Ed ancora laddove osservano i Supremi Giudici che “la commercializzazione di cannabis sativa L. o dei suoi derivati, diversi da quelli elencati dalla legge del 2016, integra il reato di cui all’art. 73, commi 1 e 4, d.P.R. n. 309/1990, anche se il contenuto di THC sia inferiore alle concentrazioni indicate all’art. 4, commi 5 e 7 della legge del 2016. L’art. 73, cit., incrimina la commercializzazione di foglie, inflorescenze, olio e resina, derivati della cannabis, senza operare alcuna distinzione rispetto alla percentuale di THC che deve essere presente in tali prodotti, attesa la richiamata nozione legale di sostanza stupefacente, che informa gli artt. 13 e 14 T.U. stup.. Pertanto,  impiegando il lessico corrente, deve rilevarsi che la cessione, la messa in vendita ovvero la commercializzazione al pubblico, a qualsiasi titolo, di prodotti – diversi da quelli espressamente consentiti dalla legge n. 242 del 2016 – derivati dalla coltivazione della cosiddetta cannabis light, integra gli estremi del reato ex art. 73, T.U. stup.. L’effettuata ricostruzione del quadro normativo di riferimento conduce ad affermare che la commercializzazione dei derivati dalla coltivazione della cannabis sativa L., che pure si caratterizza per il basso contenuto di THC, vale ad integrare il tipo legale individuato dalle norme incriminatrici”.
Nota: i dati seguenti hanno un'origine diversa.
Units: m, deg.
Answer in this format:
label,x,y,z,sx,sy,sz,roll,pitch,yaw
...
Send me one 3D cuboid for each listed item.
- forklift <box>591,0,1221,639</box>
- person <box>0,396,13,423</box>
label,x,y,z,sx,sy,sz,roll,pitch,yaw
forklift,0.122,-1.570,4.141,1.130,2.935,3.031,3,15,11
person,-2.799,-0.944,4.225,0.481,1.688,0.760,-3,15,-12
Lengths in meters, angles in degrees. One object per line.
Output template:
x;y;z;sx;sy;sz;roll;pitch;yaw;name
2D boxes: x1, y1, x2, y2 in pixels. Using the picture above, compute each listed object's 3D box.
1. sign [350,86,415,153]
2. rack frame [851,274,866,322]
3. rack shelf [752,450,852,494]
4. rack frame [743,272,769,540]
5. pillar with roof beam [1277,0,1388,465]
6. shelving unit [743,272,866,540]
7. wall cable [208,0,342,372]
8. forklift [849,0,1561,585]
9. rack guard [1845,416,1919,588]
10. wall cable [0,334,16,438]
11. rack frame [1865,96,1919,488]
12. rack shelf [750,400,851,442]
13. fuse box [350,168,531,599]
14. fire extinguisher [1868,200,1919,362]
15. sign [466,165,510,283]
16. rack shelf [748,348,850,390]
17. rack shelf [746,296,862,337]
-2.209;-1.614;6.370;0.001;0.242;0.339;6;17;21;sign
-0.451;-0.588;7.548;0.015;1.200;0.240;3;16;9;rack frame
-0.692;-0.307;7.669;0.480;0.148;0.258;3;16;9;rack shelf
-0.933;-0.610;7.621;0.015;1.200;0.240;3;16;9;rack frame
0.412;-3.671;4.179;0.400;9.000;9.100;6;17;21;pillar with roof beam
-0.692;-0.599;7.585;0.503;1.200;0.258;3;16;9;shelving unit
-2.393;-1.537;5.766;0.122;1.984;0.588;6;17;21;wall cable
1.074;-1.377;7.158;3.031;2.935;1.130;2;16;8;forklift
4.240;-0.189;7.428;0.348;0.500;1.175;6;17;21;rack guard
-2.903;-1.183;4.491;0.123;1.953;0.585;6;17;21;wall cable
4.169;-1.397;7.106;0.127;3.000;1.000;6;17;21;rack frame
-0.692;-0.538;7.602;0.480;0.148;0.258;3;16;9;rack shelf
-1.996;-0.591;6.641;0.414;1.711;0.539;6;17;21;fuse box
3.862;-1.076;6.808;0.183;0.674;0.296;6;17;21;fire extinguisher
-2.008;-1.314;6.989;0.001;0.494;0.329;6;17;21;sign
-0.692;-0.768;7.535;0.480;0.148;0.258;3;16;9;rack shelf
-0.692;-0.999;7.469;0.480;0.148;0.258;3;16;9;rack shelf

Or bene, appare non revocabile in dubio la circostanza, che il collocamento della cannabis (intesa quale categoria di pianta in genere e senza il corredo di indicazioni specifiche concernenti livelli di concentrazione del relativo principio attivo) nella tabella II allegata al dpr 309/90 (art. 14), così come inopinatamente disposto dalla L. 79 del 2014 (che convertiva il dl 36/2014) costituisca la stella polare cui si ispira la severa giurisprudenza cui si è fatto riferimento (e soprattutto una parte di quella più complessiva della Corte di legittimità in materia cautelare reale).

Vale, quindi, a dire, che per coloro, i quali assumono la posizione ermeneutica in base alla quale la cannabis sarebbe pianta e (al contempo) sostanza stupefacente tout court, risulta del tutto ininfluente processualmente ogni sorta di indagine sulla idoneità drogante della stessa.
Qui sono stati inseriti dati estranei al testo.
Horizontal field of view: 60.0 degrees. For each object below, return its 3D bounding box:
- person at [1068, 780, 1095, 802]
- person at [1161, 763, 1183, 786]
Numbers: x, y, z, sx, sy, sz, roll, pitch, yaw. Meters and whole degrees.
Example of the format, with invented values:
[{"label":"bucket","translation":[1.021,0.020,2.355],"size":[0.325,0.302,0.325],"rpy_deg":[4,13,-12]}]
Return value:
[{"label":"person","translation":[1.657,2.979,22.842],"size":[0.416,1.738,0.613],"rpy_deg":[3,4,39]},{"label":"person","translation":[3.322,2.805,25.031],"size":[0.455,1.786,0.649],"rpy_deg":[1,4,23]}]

Ad avviso di chi aderisca a questo indirizzo appare, infatti, sufficiente la conformità della pianta e del successivo prodotto al tipo botanico previsto, così come è stato sancito dalla S.C. per affermarne la illiceità e la sussistenza del reato di cui all’art. 73 co. 4 dpr 309/90.

Si tratta di un’impostazione per nulla condivisibile. Essa, infatti, si pone in palese il conflitto con le regole scientifiche vigenti, in base alle quali è ravvisabile una progressione degli eventuali effetti psicoattivi dei derivati della cannabis, legato al superamento di un preciso livello di concentrazione del THC, al di sotto dei quali nessun effetto stupefacente è osservabile.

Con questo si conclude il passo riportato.